Well, unfortunately police forces all across the United States are being slashed because the money just isn’t there anymore.

So all of us may soon be facing much more crime with much fewer police to assist us.

For example, because of extreme budget cuts and police layoffs, Oakland, California Police Chief Anthony Batts has announced that there are a number of crimes that his department simply will no longer respond to due to a lack of resources.  The following is a partial list of the crimes that police officers in Oakland will no longer be responding to….

  • burglary
  • theft
  • embezzlement
  • grand theft
  • grand theft: dog
  • identity theft
  • false information to peace officer
  • required to register as sex or arson offender
  • dump waste or offensive matter
  • loud music
  • possess forged notes
  • pass fictitious check
  • obtain money by false voucher
  • fraudulent use of access cards
  • stolen license plate
  • embezzlement by an employee
  • extortion
  • attempted extortion
  • false personification of other
  • injure telephone/power line
  • interfere with power line
  • unauthorized cable tv connection
  • vandalism

Not that Oakland wasn’t already a mess before all this, but now how long do you think it will be before total chaos and anarchy reigns on the streets of Oakland?

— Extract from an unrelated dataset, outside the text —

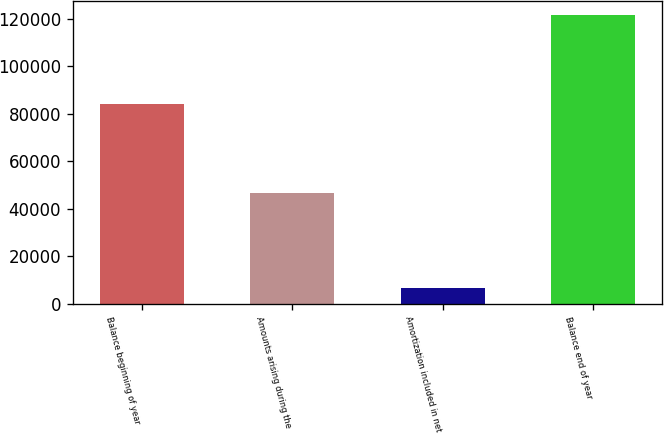<chart> <loc_0><loc_0><loc_500><loc_500><bar_chart><fcel>Balance beginning of year<fcel>Amounts arising during the<fcel>Amortization included in net<fcel>Balance end of year<nl><fcel>84122<fcel>46580<fcel>6670<fcel>121522<nl></chart>

But this kind of thing is not just happening in Oakland.

The sheriff’s department in Ashtabula County, Ohio has been reduced from 112 deputies to 49 deputies, and now there is just one vehicle remaining to patrol all 720 square miles of the county.

So what in the world are the citizens of that county supposed to do to protect themselves?

Well, Judge Alfred Mackey said that the citizens of the county should do the following….

“Arm themselves.”

So is that where all of this is going?

Every man and woman for themselves?

The truth is that there are already many communities across the United States where it is simply not a good idea to go out of your home at night.

There has never been a bigger gang problem in U.S. history than we are facing today, there have never been more sex predators running around, and millions of Americans are going to become increasingly desperate as they lose their homes and can’t find jobs.